The miR-200 family, comprising of 5 miRNA sequences (miR-200a, miR-200b, miR-200c, miR-141 and miR-429), is believed to play a significant role in EMT (63). The EMT initiated in several types of cancer has been shown to be correlated with the underexpression of the miR-200 family such as bladder cancer (64), breast cancer (65), melanoma (66), ovarian cancer (67), gastric cancer (68), and prostate cancer (69). Gregory et al found the levels of the miR-200 family were significantly reduced following TGF-β-mediated EMT in invasive breast cancer since the low level of miR-200 leads to the absence of E-cadherin, indicating miR-200 as a negative regulator of EMT (70). A mechanism study demonstrated that miR-200 inhibits Wnt signaling by targeting transcription factors ZEB1/2 and binding to β-catenin mRNA to suppress its translation (71). The ZEB family, containing two members ZEB1 and ZEB2, binds to the promoter-based E-box DNA sequences of E-cadherin thus repressing its transcription and facilitating the activation of mesenchymal genes (72). The inhibitory effects of miR-200 on β-catenin and ZEB1/2 were further confirmed in gastric adenocarcinoma (73,74), colonic adenocarcinoma (75), and hepatocellular carcinoma (HCC) (76). Overexpression of miR-200 results in E-cadherin upregulation by targeting ZEB1 and ZEB2, thereby inhibiting EMT and restoring the epithelial phenotype of cancer cells (77). However, components of Wnt signaling can inversely affect the miR-200 family. Tian et al reported that a downstream target of Wnt signaling, Achaete scute-like 2 (Ascl2) negatively regulates miR-200 family expression, thus inhibition of Ascl2 obviously restores miR-200 expression and suppresses EMT, making Ascl2 a promising target to reverse EMT (75). In addition to EMT inhibition, restoring the level of miR-200 can also induce cancer cell apoptosis and increase the sensitivity of cancer cells to chemotherapeutic drugs. For instance, niclosamide potentially induces the apoptosis of colon cancer cells by upregulating the miR-200 family members (78). Another study demonstrated that the overexpression of miR-200b could inhibit cell proliferation and enhance apoptosis and then reverse docetaxel chemoresistance of lung adenocarcinoma (LAD) cells by directly targeting E2F transcription factor 3 (E2F3), which were also verified in tissues of LAD patients (79).

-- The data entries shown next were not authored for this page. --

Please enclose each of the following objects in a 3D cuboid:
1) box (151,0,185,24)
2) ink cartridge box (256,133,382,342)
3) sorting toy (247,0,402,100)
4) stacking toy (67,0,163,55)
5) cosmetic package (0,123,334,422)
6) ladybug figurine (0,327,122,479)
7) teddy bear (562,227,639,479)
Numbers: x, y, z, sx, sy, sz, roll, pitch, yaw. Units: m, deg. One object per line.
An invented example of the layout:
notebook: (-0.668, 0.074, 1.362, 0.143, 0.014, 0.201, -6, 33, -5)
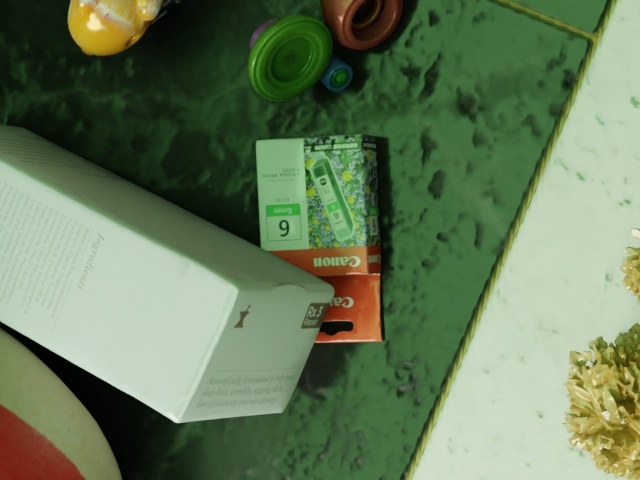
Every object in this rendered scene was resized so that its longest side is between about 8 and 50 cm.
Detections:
box: (-0.095, -0.175, 1.135, 0.067, 0.018, 0.083, -38, 80, 14)
ink cartridge box: (0.000, 0.000, 1.103, 0.063, 0.029, 0.115, -3, 90, 18)
sorting toy: (-0.004, -0.115, 1.088, 0.102, 0.061, 0.042, -29, 47, -18)
stacking toy: (-0.051, -0.225, 1.055, 0.166, 0.175, 0.302, 38, 108, 11)
cosmetic package: (-0.122, 0.013, 1.079, 0.231, 0.117, 0.085, 28, 101, 26)
ladybug figurine: (-0.322, 0.144, 1.080, 0.449, 0.162, 0.305, 10, 121, 2)
teddy bear: (0.280, 0.104, 0.977, 0.338, 0.113, 0.245, 44, 105, 12)
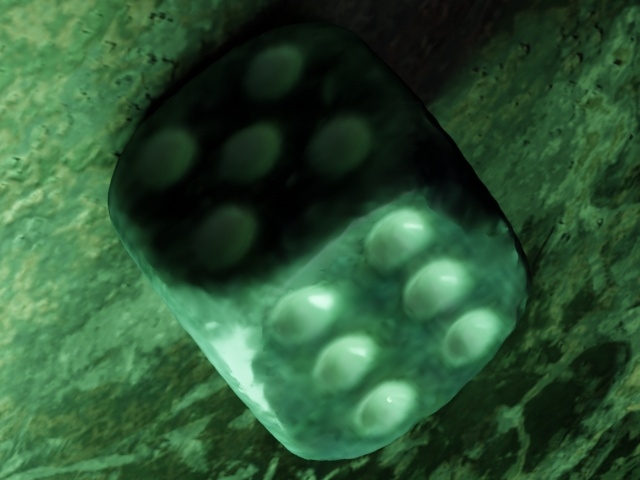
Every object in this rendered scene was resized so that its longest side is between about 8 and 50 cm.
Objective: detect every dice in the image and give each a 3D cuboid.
[{"bbox_3d":[0.000,0.000,0.972,0.181,0.183,0.182,-39,137,0],"label":"dice"}]

In addition to the miR-200 family, miR-33b binds to 3′-UTR of ZEB1 and inhibits ZEB1 expression in lung adenocarcinoma cells, thus blocking Wnt/β-catenin signaling and suppressing tumor growth and EMT in vitro and in vivo (80). Research by Zhang et al identified miR-498 which was downregulated in liver cancer, and suppressed the growth and metastasis of liver cancer cells partly by directly targeting ZEB2, making miR-498 a potential biomarker for diagnosis and a promising therapeutic target for liver cancer treatment (81). Snail and Twist are also targeted by miRNAs in the regulation of EMT. Yue et al demonstrated that miR-519d directly binds to 3′-UTR of Twist1 to facilitate its degradation in gastric cancer cells, suggesting miR-519d as a potential therapeutic target for gastric cancer treatment (82). Jin et al reported that miR-122 inhibits EMT in HCC by targeting Snail1 and Snail2 to suppress the Wnt/β-catenin signaling pathway (83).

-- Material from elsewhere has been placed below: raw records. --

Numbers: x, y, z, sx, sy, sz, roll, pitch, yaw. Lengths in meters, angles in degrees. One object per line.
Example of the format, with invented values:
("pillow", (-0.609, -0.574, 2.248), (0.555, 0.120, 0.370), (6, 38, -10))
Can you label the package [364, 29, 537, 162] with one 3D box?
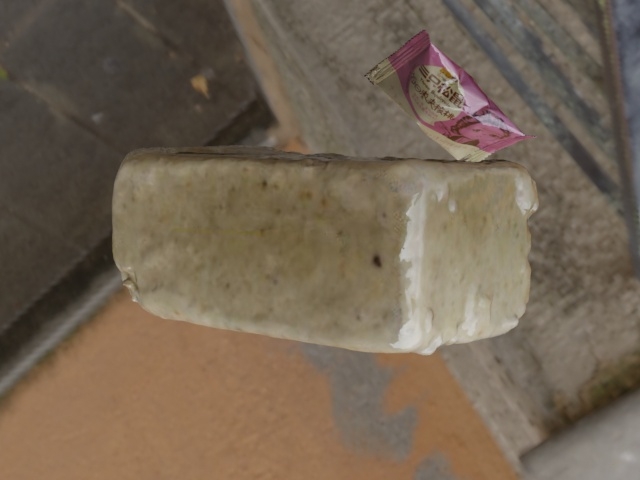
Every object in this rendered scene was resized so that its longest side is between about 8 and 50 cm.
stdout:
("package", (0.067, -0.071, 0.696), (0.083, 0.029, 0.059), (39, 148, -16))

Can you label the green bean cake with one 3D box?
("green bean cake", (0.000, 0.000, 0.612), (0.109, 0.179, 0.085), (-5, 98, -54))

The translocation of β-catenin in the nucleus is followed by the activation of TCF/LEF-Legless-Pygo DNA binding proteins, which triggers transcription of many oncogenes such as extracellular matrix receptor III (CD44), c-Myc, MMP-7, and cyclin D1 (52). LEF1, a pivotal transcription factor in the Wnt signaling pathway, was reported to be a target of miR-708 and miR-34a by directly binding to 3′-UTR of LEF1, suggesting miR-708 and miR-34a as EMT inhibitors in melanoma and prostate cancer, respectively (84,85). Pygopus2 (Pygo2) is regarded as a tumor promoter in various types of cancer due to its combination with free β-catenin to cause abnormal activation of downstream oncogenes (86). A study demonstrated that miR-516a-3p inhibits breast cancer cell growth, metastasis and EMT by binding to 3′-UTR of Pygo2 mRNA, resulting in blockage of the Pygo2/Wnt pathway (87). In addition, transcription factor 4 (TCF4) has been found to promote the occurrence and development of several cancers by recognizing β-catenin to initiate the transcription of Wnt target genes (38). MiR-495 was reported to bind to the 3′-UTR of TCF4, thereby suppressing the migration, invasion, and proliferation of non-small-cell lung cancer (NSCLC) by inactivating the Wnt/β-catenin pathway (88).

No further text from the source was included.